Questions pertaining to danksharding validation committees

Hi all,

From this post on two-slot PBS, danksharding is meant to be a two-slot process, meaning (if I’ve understood it correctly) it will take two 8-second slots for the whole build-propose-verify-append process to be completed.

After the intermediate block deadline, we see the remaining ‘N-1 committees’ attest to the block body. My first questions:

  1. Is the committee size here still the same as that intended immediately post-Merge, i.e. 128 validators, or something else?
  2. What is N here? The whole validator set available divided by 128?
  3. These N-1 committees attest to the block body tying up to the block header. But do they also verify for data availability and transaction validity (i.e. check for validity proofs in the case of ZKRs, or raise fraud proofs in the case of ORs)?

My next questions relate to this popular report, and specifically, this image from it:

(Image taken from section titled ‘Danksharding – Honest Majority Validation’.)

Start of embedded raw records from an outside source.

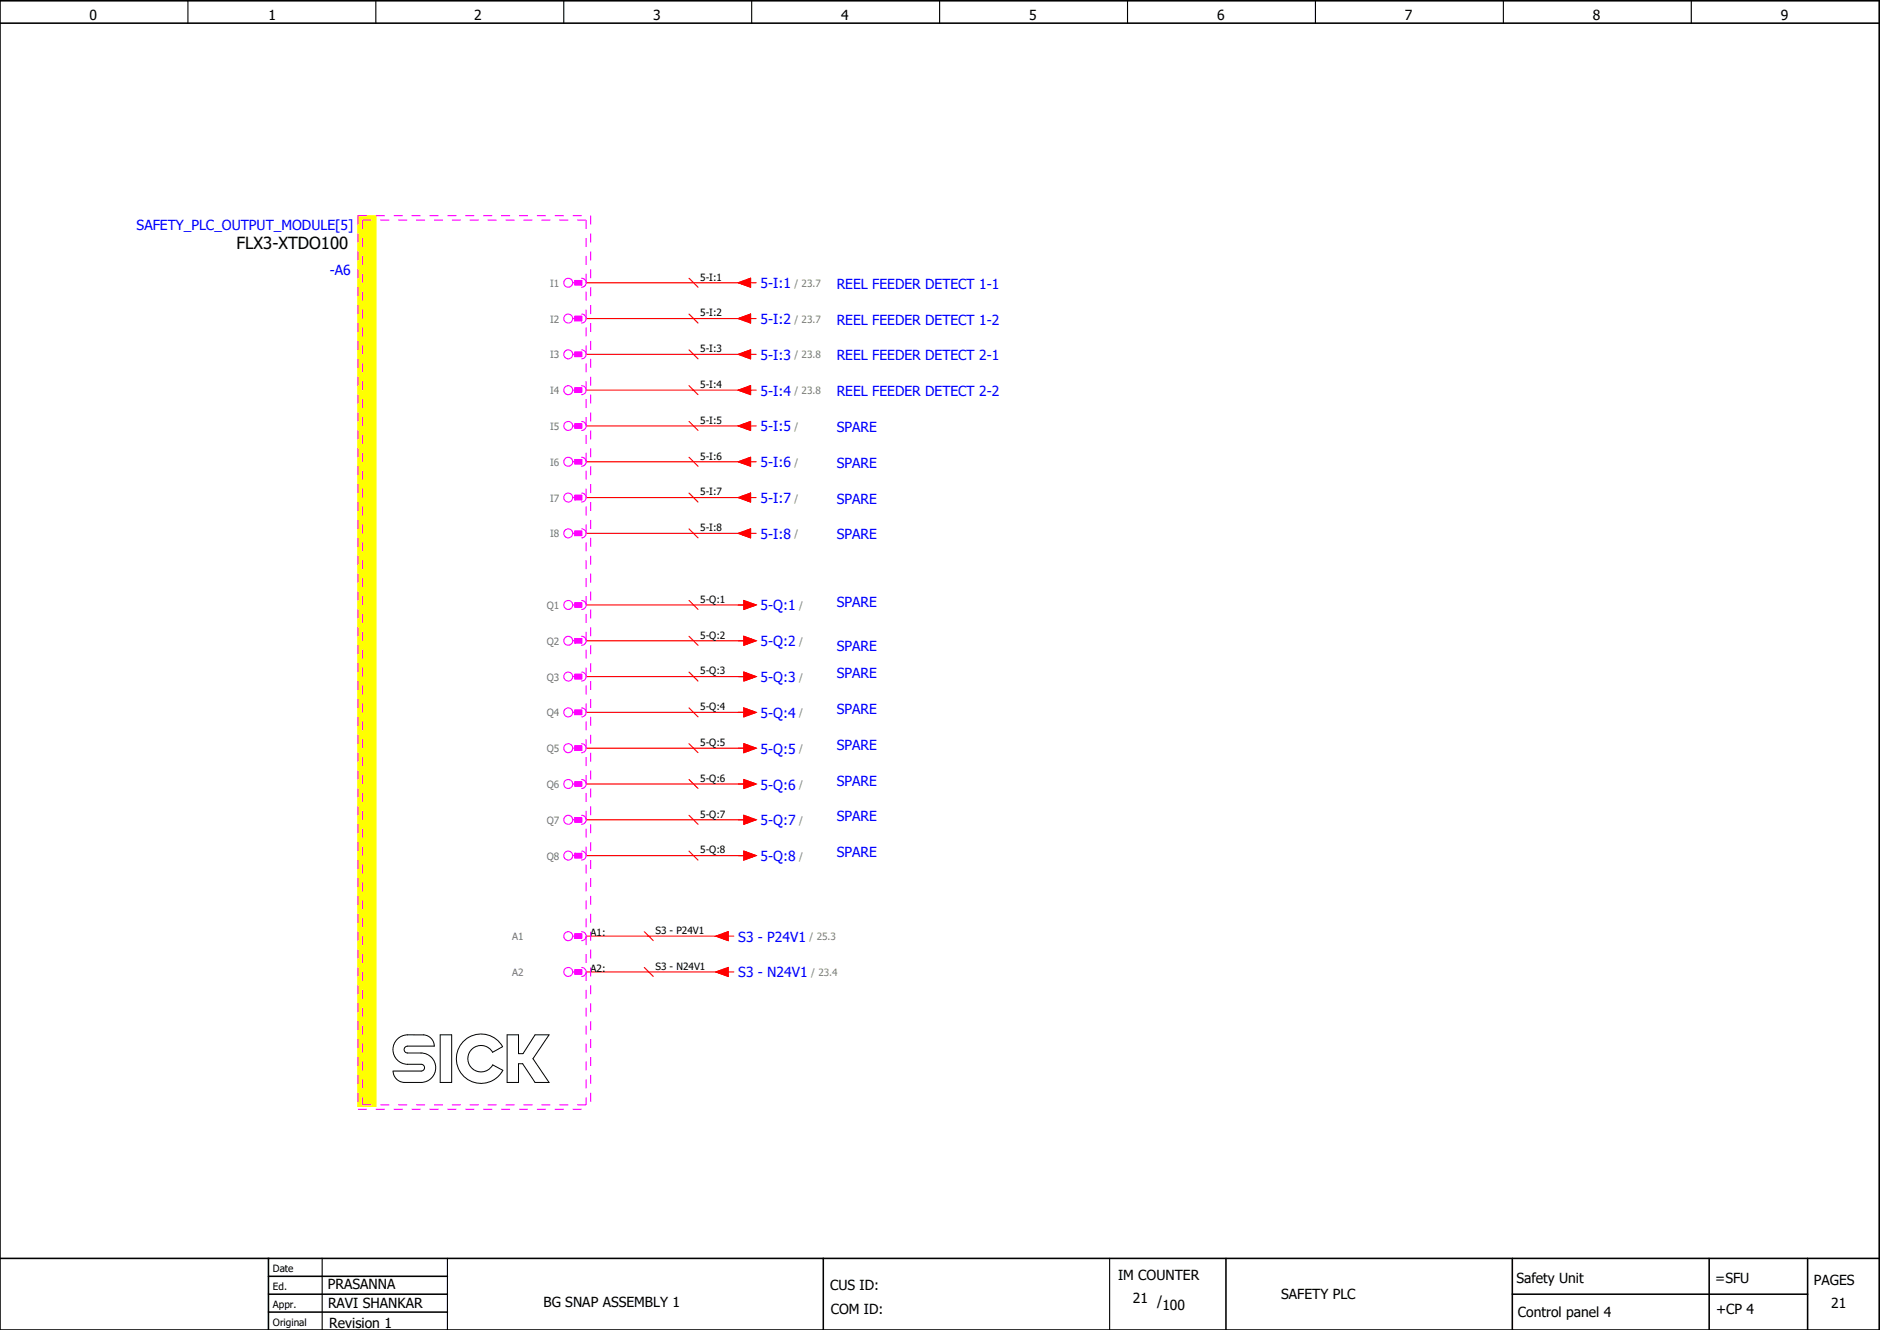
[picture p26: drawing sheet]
<svg xmlns="http://www.w3.org/2000/svg" width="420mm" height="297mm" viewBox="0 0 420 297" stroke-linecap="round" stroke-linejoin="round" font-family="sans-serif">
<defs><g id="words">
<text font-size="3.7" x="52.9" y="55.7">FLX3-XTDO100</text>
<g font-size="3.1">
<text x="20" y="4.5">0</text>
<text x="60" y="4.5">1</text>
<text x="106" y="4.5">2</text>
<text x="146" y="4.5">3</text>
<text x="188" y="4.5">4</text>
<text x="230" y="4.5">5</text>
<text x="272" y="4.5">6</text>
<text x="314" y="4.5">7</text>
<text x="356" y="4.5">8</text>
<text x="398" y="4.5">9</text>
<text x="249.9" y="285.9">IM COUNTER</text>
<text x="338.9" y="286.7">Safety Unit</text>
<text x="383.4" y="286.6">=SFU</text>
<text x="405.4" y="287.2">PAGES</text>
<text x="73.3" y="288.1">PRASANNA</text>
<text x="73.3" y="292.2">RAVI SHANKAR</text>
<text x="121.5" y="292">BG SNAP ASSEMBLY 1</text>
<text x="185.5" y="288.1">CUS ID:</text>
<text x="185.7" y="293.7">COM ID:</text>
<text x="253.2" y="291">21 /</text>
<text x="259.8" y="292.7">100</text>
<text x="286.3" y="290.3">SAFETY PLC</text>
<text x="383.6" y="293.6">+CP 4</text>
<text x="409.3" y="292.2">21</text>
<text x="73.6" y="296.7">Revision 1</text>
<text x="339.2" y="294.2">Control panel 4</text>
</g>
<g font-size="3.1" fill="#00f">
<text x="30.5" y="51.3">SAFETY_PLC_OUTPUT_MODULE[5]</text>
<text x="73.7" y="61.5">-A6</text>
<text x="170" y="64.4">5-I:1</text>
<text x="187" y="64.5">REEL FEEDER DETECT 1-1</text>
<text x="170" y="72.4">5-I:2</text>
<text x="187" y="72.5">REEL FEEDER DETECT 1-2</text>
<text x="170" y="80.4">5-I:3</text>
<text x="187" y="80.5">REEL FEEDER DETECT 2-1</text>
<text x="170" y="88.4">5-I:4</text>
<text x="187" y="88.5">REEL FEEDER DETECT 2-2</text>
<text x="170" y="96.4">5-I:5</text>
<text x="187" y="96.5">SPARE</text>
<text x="170" y="104.4">5-I:6</text>
<text x="187" y="104.5">SPARE</text>
<text x="170" y="112.4">5-I:7</text>
<text x="187" y="112.5">SPARE</text>
<text x="170" y="120.4">5-I:8</text>
<text x="187" y="120.5">SPARE</text>
<text x="170" y="136.4">5-Q:1</text>
<text x="187" y="135.5">SPARE</text>
<text x="170" y="144.4">5-Q:2</text>
<text x="187" y="145.5">SPARE</text>
<text x="170" y="152.4">5-Q:3</text>
<text x="187" y="151.5">SPARE</text>
<text x="170" y="160.4">5-Q:4</text>
<text x="187" y="159.5">SPARE</text>
<text x="187" y="167.5">SPARE</text>
<text x="170" y="168.4">5-Q:5</text>
<text x="170" y="176.4">5-Q:6</text>
<text x="187" y="175.5">SPARE</text>
<text x="170" y="184.4">5-Q:7</text>
<text x="187" y="183.5">SPARE</text>
<text x="187" y="191.5">SPARE</text>
<text x="170" y="192.4">5-Q:8</text>
<text x="165" y="210.4">S3 - P24V1</text>
<text x="165" y="218.4">S3 - N24V1</text>
</g>
<g font-size="2.2" fill="#767676">
<text x="122.9" y="64.1">I1</text>
<text x="122.9" y="72.1">I2</text>
<text x="122.9" y="80.1">I3</text>
<text x="122.9" y="88.1">I4</text>
<text x="122.9" y="96.1">I5</text>
<text x="122.9" y="104.1">I6</text>
<text x="122.9" y="112.1">I7</text>
<text x="122.9" y="120.1">I8</text>
<text x="122.2" y="136.1">Q1</text>
<text x="122.2" y="144.1">Q2</text>
<text x="122.2" y="152.1">Q3</text>
<text x="122.2" y="160.1">Q4</text>
<text x="122.2" y="168.1">Q5</text>
<text x="122.2" y="176.1">Q6</text>
<text x="122.2" y="184.1">Q7</text>
<text x="122.2" y="192.1">Q8</text>
<text x="114.4" y="210.1">A1</text>
<text x="114.4" y="218.1">A2</text>
</g>
<g font-size="2.2">
<text x="156.5" y="62.7">5-I:1</text>
<text x="156.5" y="70.7">5-I:2</text>
<text x="156.5" y="78.7">5-I:3</text>
<text x="156.5" y="86.7">5-I:4</text>
<text x="156.5" y="94.7">5-I:5</text>
<text x="156.5" y="102.7">5-I:6</text>
<text x="156.5" y="110.7">5-I:7</text>
<text x="156.5" y="118.7">5-I:8</text>
<text x="156.5" y="134.7">5-Q:1</text>
<text x="156.5" y="142.7">5-Q:2</text>
<text x="156.5" y="150.7">5-Q:3</text>
<text x="156.5" y="158.7">5-Q:4</text>
<text x="156.5" y="166.7">5-Q:5</text>
<text x="156.5" y="174.7">5-Q:6</text>
<text x="156.5" y="182.7">5-Q:7</text>
<text x="156.5" y="190.7">5-Q:8</text>
<text x="132" y="209.2">A1:</text>
<text x="146.5" y="208.7">S3 - P24V1</text>
<text x="132" y="217.2">A2:</text>
<text x="146.5" y="216.7">S3 - N24V1</text>
<text x="61" y="284.2">Date</text>
<text x="61" y="288.2">Ed.</text>
<text x="61" y="292.2">Appr.</text>
<text x="61" y="296.2">Original</text>
</g>
<g font-size="2.2" fill="#7ca552">
<text x="177.5" y="64.1">/ 23.7</text>
<text x="177.5" y="72.1">/ 23.7</text>
<text x="177.5" y="80.1">/ 23.8</text>
<text x="177.5" y="88.1">/ 23.8</text>
<text x="177.5" y="96.1">/</text>
<text x="177.5" y="104.1">/</text>
<text x="177.5" y="112.1">/</text>
<text x="177.5" y="120.1">/</text>
<text x="178.6" y="136.1">/</text>
<text x="178.6" y="144.1">/</text>
<text x="178.6" y="152.1">/</text>
<text x="178.6" y="160.1">/</text>
<text x="178.6" y="168.1">/</text>
<text x="178.6" y="176.1">/</text>
<text x="178.6" y="184.1">/</text>
<text x="178.6" y="192.1">/</text>
<text x="180.9" y="210.1">/ 25.3</text>
<text x="181.3" y="218.1">/ 23.4</text>
</g>
</g></defs>
<path d="M42 .2v5M84 .2v5M126 .2v5M168 .2v5M210 .2v5M252 .2v5M294 .2v5M336 .2v5M378 .2v5M72 281.2v16M100 281.2v16M248 281.2v16" fill="none" stroke="#000" stroke-width=".25"/>
<g fill="none" stroke="#000" stroke-width=".35">
<path d="M0 5.2h420M0 .2h420v297h-420zM0 281.2h420M60 281.2v16M60 285.2h40M60 289.2h40M60 293.2h40M184 281.2v16M274 281.2v16M338 289.2h66M338 281.2v16M382 281.2v16"/>
<path d="M404 281.2v16"/>
</g>
<g fill="none" stroke="#f00" stroke-width=".25">
<path d="M131 63.2h36M131 71.2h36M131 79.2h36M154 62.2l2 2M154 70.2l2 2M154 78.2l2 2M165 63.2l2.8-1v2zM165 71.2l2.8-1v2zM165 79.2l2.8-1v2zM167.8 63.2h1.2M167.8 71.2h1.2M167.8 79.2h1.2"/>
<path d="M131 87.2h36M131 95.2h36M154 86.2l2 2M154 94.2l2 2M165 87.2l2.8-1v2zM165 95.2l2.8-1v2zM167.8 87.2h1.2M167.8 95.2h1.2M131 103.2h36M131 111.2h36M131 119.2h36M154 102.2l2 2"/>
<path d="M154 110.2l2 2M154 118.2l2 2M165 103.2l2.8-1v2zM165 111.2l2.8-1v2zM165 119.2l2.8-1v2zM167.8 103.2h1.2M167.8 111.2h1.2M167.8 119.2h1.2M131 135.2h36M154 134.2l2 2M166.3 134.2l2.7 1-2.7 1zM131 143.2h36"/>
<path d="M131 151.2h36M131 159.2h36M154 142.2l2 2M154 150.2l2 2M154 158.2l2 2M166.3 142.2l2.7 1-2.7 1zM166.3 150.2l2.7 1-2.7 1zM166.3 158.2l2.7 1-2.7 1zM131 167.2h36M131 175.2h36M154 166.2l2 2M154 174.2l2 2"/>
<path d="M166.3 166.2l2.7 1-2.7 1zM166.3 174.2l2.7 1-2.7 1zM131 183.2h36M131 191.2h36M154 182.2l2 2M154 190.2l2 2M166.3 190.2l2.7 1-2.7 1zM166.3 182.2l2.7 1-2.7 1zM131 209.2h31M131 217.2h31M144 208.2l2 2M144 216.2l2 2"/>
<path d="M160 209.2l2.8-1v2zM160 217.2l2.8-1v2zM162.8 209.2h1.2M162.8 217.2h1.2"/>
</g>
<path d="M80 48.2h4v199h-4z" fill="#ff0" stroke="#ff0" stroke-width=".22"/>
<path d="M80 48.2h4v199h-4z" fill="none" stroke="#ff0" stroke-width=".22"/>
<path d="M88.8 232.2a3.3 3.3 0 0 1 2.3-1h3.6a2.55 2.55 0 0 1 2.4 2.5l-6 .1a.77 .77 0 0 0-.8 .7 .77 .77 0 0 0 .8 .8h3a3.3 3.3 0 0 1 3.3 3.3 3.3 3.3 0 0 1-3.3 3.3h-3.8a2.59 2.59 0 0 1-2.4-2.6h6.2a.76 .76 0 0 0 .8-.7 .76 .76 0 0 0-.8-.8h-3a3.3 3.3 0 0 1-3-2 3.3 3.3 0 0 1 .7-3.6zM98.4 231.2h2.5v10.7h-2.5zM103.4 232.8a5.5 5.5 0 0 1 8.9 1.1l-2.2 1.2a2.95 2.95 0 0 0-4.5-.8 2.95 2.95 0 0 0 .1 4.6 2.95 2.95 0 0 0 4.4-1l2.3 1.2a5.5 5.5 0 0 1-8.1 2 5.5 5.5 0 0 1-.9-8.3zM113.3 231.2h2.6v4.2h1l2.7-4.2h3.1l-3.6 5.4 3.6 5.3h-3.1l-2.8-4.2h-.9v4.2h-2.6z" fill="none" stroke="#000" stroke-width=".22"/>
<g fill="none" stroke="#f0f" stroke-width=".25">
<path d="M128 63.2h.5M128 71.2h.5M128 79.2h.5M128.5 62.7h1.5v1h-1.5zM128.5 70.7h1.5v1h-1.5zM128.5 78.7h1.5v1h-1.5zM130 62.2a1 1 0 0 1 1 1 1 1 0 0 1-1 1M130 70.2a1 1 0 0 1 1 1 1 1 0 0 1-1 1M130 78.2a1 1 0 0 1 1 1 1 1 0 0 1-1 1M128 87.2h.5M128 95.2h.5M128.5 86.7h1.5v1h-1.5z"/>
<path d="M128.5 94.7h1.5v1h-1.5zM130 86.2a1 1 0 0 1 1 1 1 1 0 0 1-1 1M130 94.2a1 1 0 0 1 1 1 1 1 0 0 1-1 1M128 103.2h.5M128 111.2h.5M128 119.2h.5M128.5 102.7h1.5v1h-1.5zM128.5 110.7h1.5v1h-1.5zM128.5 118.7h1.5v1h-1.5zM130 102.2a1 1 0 0 1 1 1 1 1 0 0 1-1 1M130 110.2a1 1 0 0 1 1 1 1 1 0 0 1-1 1M130 118.2a1 1 0 0 1 1 1 1 1 0 0 1-1 1"/>
<path d="M128 135.2h.5M128.5 134.7h1.5v1h-1.5zM130 134.2a1 1 0 0 1 1 1 1 1 0 0 1-1 1M128 143.2h.5M128 151.2h.5M128 159.2h.5M128.5 142.7h1.5v1h-1.5zM128.5 150.7h1.5v1h-1.5zM128.5 158.7h1.5v1h-1.5zM130 142.2a1 1 0 0 1 1 1 1 1 0 0 1-1 1M130 150.2a1 1 0 0 1 1 1 1 1 0 0 1-1 1M130 158.2a1 1 0 0 1 1 1 1 1 0 0 1-1 1"/>
<path d="M128 167.2h.5M128 175.2h.5M128.5 166.7h1.5v1h-1.5zM128.5 174.7h1.5v1h-1.5zM130 166.2a1 1 0 0 1 1 1 1 1 0 0 1-1 1M130 174.2a1 1 0 0 1 1 1 1 1 0 0 1-1 1M128 183.2h.5M128 191.2h.5M128.5 182.7h1.5v1h-1.5zM128.5 190.7h1.5v1h-1.5zM130 182.2a1 1 0 0 1 1 1 1 1 0 0 1-1 1M130 190.2a1 1 0 0 1 1 1 1 1 0 0 1-1 1"/>
<path d="M128 209.2h.5M128 217.2h.5M128.5 208.7h1.5v1h-1.5zM128.5 216.7h1.5v1h-1.5zM130 208.2a1 1 0 0 1 1 1 1 1 0 0 1-1 1M130 216.2a1 1 0 0 1 1 1 1 1 0 0 1-1 1"/>
<circle cx="127" cy="71.2" r="1"/>
<circle cx="127" cy="63.2" r="1"/>
<circle cx="127" cy="79.2" r="1"/>
<circle cx="127" cy="95.2" r="1"/>
<circle cx="127" cy="87.2" r="1"/>
<circle cx="127" cy="119.2" r="1"/>
<circle cx="127" cy="111.2" r="1"/>
<circle cx="127" cy="103.2" r="1"/>
<circle cx="127" cy="135.2" r="1"/>
<circle cx="127" cy="159.2" r="1"/>
<circle cx="127" cy="143.2" r="1"/>
<circle cx="127" cy="151.2" r="1"/>
<circle cx="127" cy="167.2" r="1"/>
<circle cx="127" cy="175.2" r="1"/>
<circle cx="127" cy="191.2" r="1"/>
<circle cx="127" cy="183.2" r="1"/>
<circle cx="127" cy="209.2" r="1"/>
<circle cx="127" cy="217.2" r="1"/>
</g>
<g fill="#f0f" stroke="#f0f" stroke-width=".22">
<path d="M128.5 62.7h1.5v1h-1.5z"/>
<path d="M128.5 70.7h1.5v1h-1.5z"/>
<path d="M128.5 78.7h1.5v1h-1.5z"/>
<path d="M128.5 86.7h1.5v1h-1.5z"/>
<path d="M128.5 94.7h1.5v1h-1.5z"/>
<path d="M128.5 102.7h1.5v1h-1.5z"/>
<path d="M128.5 110.7h1.5v1h-1.5z"/>
<path d="M128.5 118.7h1.5v1h-1.5z"/>
<path d="M128.5 134.7h1.5v1h-1.5z"/>
<path d="M128.5 142.7h1.5v1h-1.5z"/>
<path d="M128.5 150.7h1.5v1h-1.5z"/>
<path d="M128.5 158.7h1.5v1h-1.5z"/>
<path d="M128.5 166.7h1.5v1h-1.5z"/>
<path d="M128.5 174.7h1.5v1h-1.5z"/>
<path d="M128.5 182.7h1.5v1h-1.5z"/>
<path d="M128.5 190.7h1.5v1h-1.5z"/>
<path d="M128.5 208.7h1.5v1h-1.5z"/>
<path d="M128.5 216.7h1.5v1h-1.5z"/>
</g>
<path d="M80 48.2h52M80 48.2v199.7M81 49.2h50M81 49.2v197.7M131 49.2v197.7M132 48.2v199.7M80 247.9h52M81 246.9h50" fill="none" stroke="#f0f" stroke-width=".25" stroke-dasharray="2 2" stroke-linecap="butt"/>
<g fill="#f00" stroke="#f00" stroke-width=".22">
<path d="M166.3 190.2l2.7 1-2.7 1z"/>
<path d="M166.3 174.2l2.7 1-2.7 1z"/>
<path d="M166.3 166.2l2.7 1-2.7 1z"/>
<path d="M165 63.2l2.8-1v2z"/>
<path d="M165 71.2l2.8-1v2z"/>
<path d="M165 79.2l2.8-1v2z"/>
<path d="M165 87.2l2.8-1v2z"/>
<path d="M165 95.2l2.8-1v2z"/>
<path d="M165 103.2l2.8-1v2z"/>
<path d="M165 111.2l2.8-1v2z"/>
<path d="M165 119.2l2.8-1v2z"/>
<path d="M166.3 182.2l2.7 1-2.7 1z"/>
<path d="M166.3 134.2l2.7 1-2.7 1z"/>
<path d="M166.3 142.2l2.7 1-2.7 1z"/>
<path d="M166.3 150.2l2.7 1-2.7 1z"/>
<path d="M166.3 158.2l2.7 1-2.7 1z"/>
<path d="M160 209.2l2.8-1v2z"/>
<path d="M160 217.2l2.8-1v2z"/>
</g>
<use href="#words"/>
</svg>

My additional questions from the image:

  1. 1/32 of the whole validator set is assigned to attest to the data availability of the block in each slot, as there are 32 slots in an epoch. But with PBS, the block cycle now should take two slots! So is this incorrect? Or should it be something like 1/16 attesting every two slots?
  2. Is ‘1/32 of the validator set’ meant to be the same as the ‘N-1 committees’, and these data availability checks happens at the same time as that process? Or is this data availability verification a separate process with different groups of validators that happens after the ‘N-1 committee’ attestation?
  3. Does the ‘1/32 of the validator set’ also attest to the transaction validity of each block?
  4. Later in the same report it’s stated that it’s intended for the other full nodes (i.e. those not in the validation set) to do their own private data availability sampling. If so, will they also be doing their own transaction validity verifications? This may be trivial for validity proofs, but I expect it may be quite onerous for fraud proofs. How would this work in practice?